_WORK INSTRUCTIONS_: Retype, exactly as written, every line from the one containing "name: [x,y,z,sx,sy,sz,roll,pitch,yaw]" through the last line of the records below, both included; skip the pictures.

ENTRIES SUPPLIED Block Start

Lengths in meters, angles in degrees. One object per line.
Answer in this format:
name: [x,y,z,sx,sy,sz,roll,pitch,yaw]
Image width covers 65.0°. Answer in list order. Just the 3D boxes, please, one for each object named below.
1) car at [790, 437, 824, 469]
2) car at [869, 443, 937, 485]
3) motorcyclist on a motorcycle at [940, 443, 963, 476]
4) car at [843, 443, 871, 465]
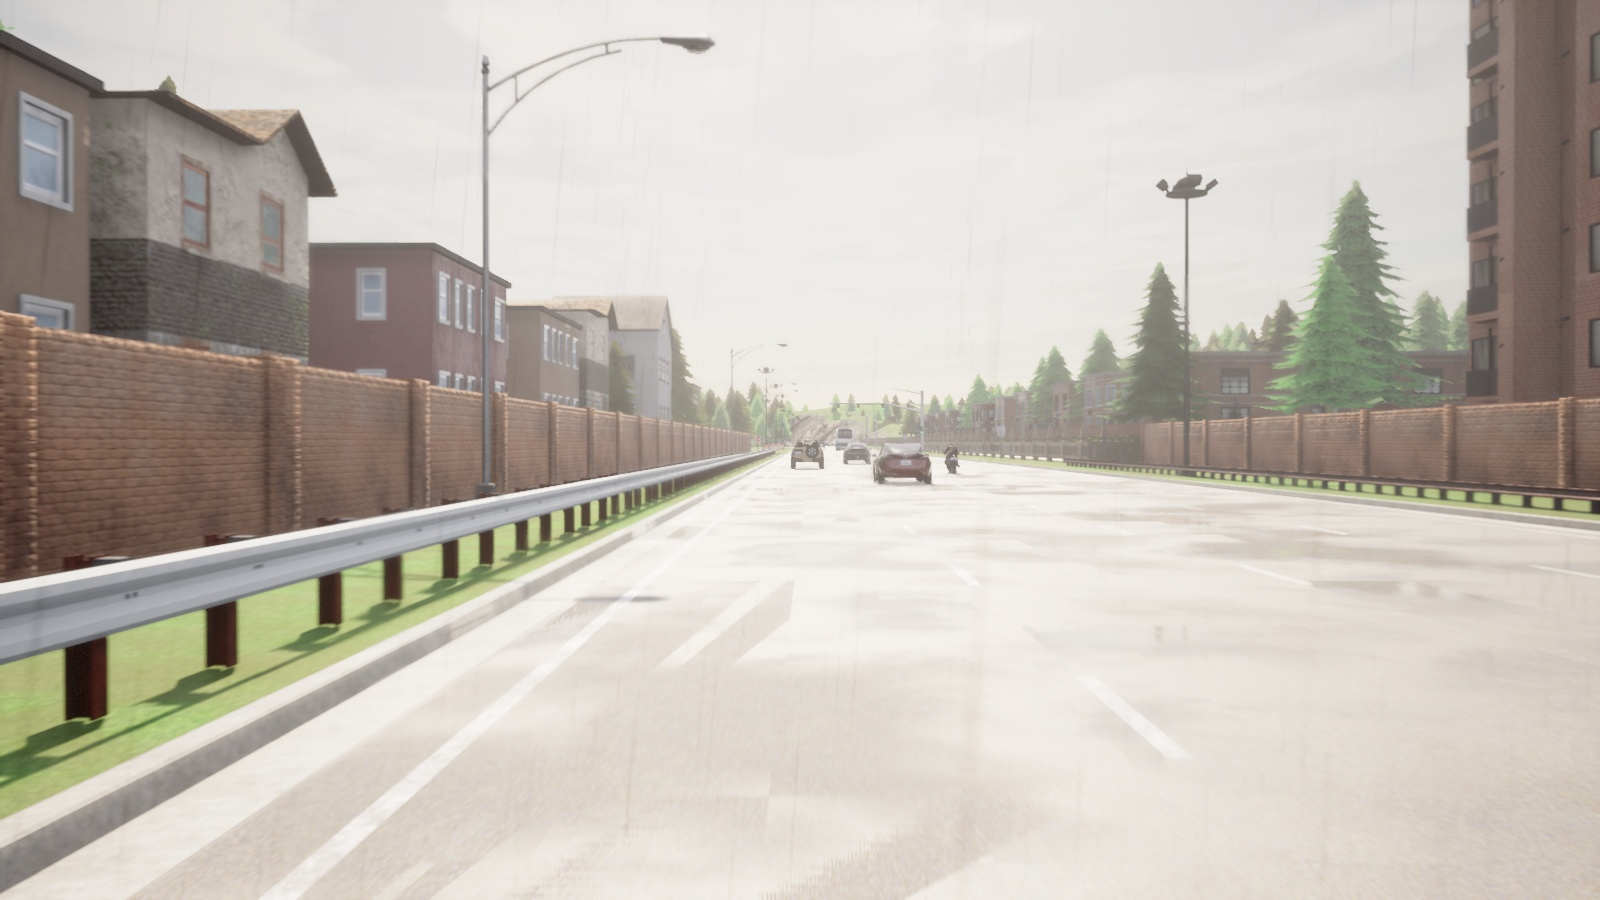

ENTRIES SUPPLIED Block End

_EXERCISE OUTPUT_:
name: [x,y,z,sx,sy,sz,roll,pitch,yaw]
Image width covers 65.0°. Answer in list order. Just the 3D boxes, please, one for each object named below.
1) car at [790, 437, 824, 469]
2) car at [869, 443, 937, 485]
3) motorcyclist on a motorcycle at [940, 443, 963, 476]
4) car at [843, 443, 871, 465]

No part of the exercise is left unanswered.